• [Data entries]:
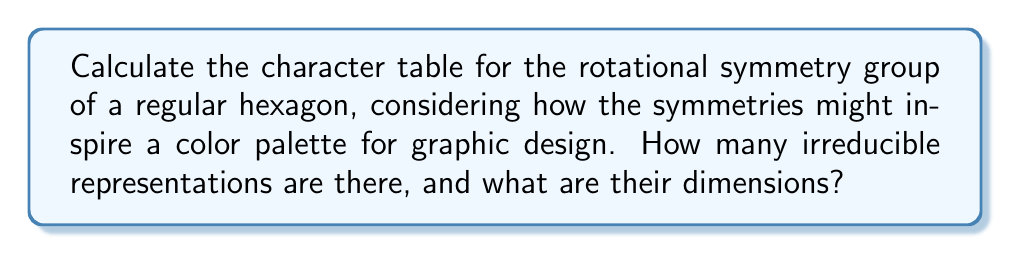What is the answer to this math problem? Let's approach this step-by-step:

1) First, we need to identify the group. The rotational symmetry group of a regular hexagon is isomorphic to the cyclic group $C_6$ of order 6.

2) The number of irreducible representations is equal to the number of conjugacy classes. In a cyclic group, each element forms its own conjugacy class. So, we have 6 conjugacy classes:
   $\{e\}, \{r\}, \{r^2\}, \{r^3\}, \{r^4\}, \{r^5\}$
   where $r$ represents a rotation by 60°.

3) For a cyclic group $C_n$, there are $n$ one-dimensional irreducible representations, given by:
   $$\chi_k(r^j) = e^{2\pi i k j / n}$$
   where $k = 0, 1, ..., n-1$ and $j = 0, 1, ..., n-1$.

4) For our $C_6$ group, we have:
   $$\chi_k(r^j) = e^{2\pi i k j / 6}$$

5) Let $\omega = e^{2\pi i / 6} = \frac{1}{2} + i\frac{\sqrt{3}}{2}$. Then our character table is:

   $$\begin{array}{c|cccccc}
    C_6 & e & r & r^2 & r^3 & r^4 & r^5 \\
   \hline
   \chi_0 & 1 & 1 & 1 & 1 & 1 & 1 \\
   \chi_1 & 1 & \omega & \omega^2 & \omega^3 & \omega^4 & \omega^5 \\
   \chi_2 & 1 & \omega^2 & \omega^4 & 1 & \omega^2 & \omega^4 \\
   \chi_3 & 1 & \omega^3 & 1 & \omega^3 & 1 & \omega^3 \\
   \chi_4 & 1 & \omega^4 & \omega^2 & 1 & \omega^4 & \omega^2 \\
   \chi_5 & 1 & \omega^5 & \omega^4 & \omega^3 & \omega^2 & \omega \\
   \end{array}$$

6) Note that $\omega^3 = -1$, $\omega^4 = \overline{\omega^2}$, and $\omega^5 = \overline{\omega}$.

This character table could inspire a color palette for graphic design, with each row potentially representing a different hue or shade, and the complex roots of unity inspiring color mixing ratios.
Answer: 6 irreducible representations, all 1-dimensional. 
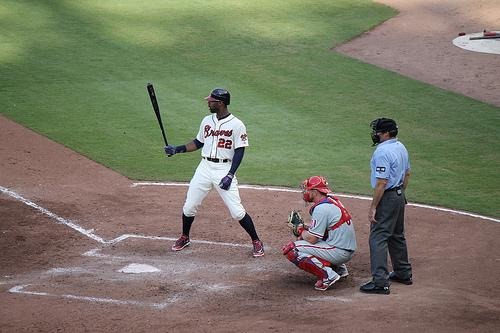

• [What is being asked]: Starting at the line that contains "5) Let $\omega" and stopping after the line that contains "1 & \omega^3 \\", write out every line exactly as it appears above, and no other line.

• [Completed task]:
5) Let $\omega = e^{2\pi i / 6} = \frac{1}{2} + i\frac{\sqrt{3}}{2}$. Then our character table is:

   $$\begin{array}{c|cccccc}
    C_6 & e & r & r^2 & r^3 & r^4 & r^5 \\
   \hline
   \chi_0 & 1 & 1 & 1 & 1 & 1 & 1 \\
   \chi_1 & 1 & \omega & \omega^2 & \omega^3 & \omega^4 & \omega^5 \\
   \chi_2 & 1 & \omega^2 & \omega^4 & 1 & \omega^2 & \omega^4 \\
   \chi_3 & 1 & \omega^3 & 1 & \omega^3 & 1 & \omega^3 \\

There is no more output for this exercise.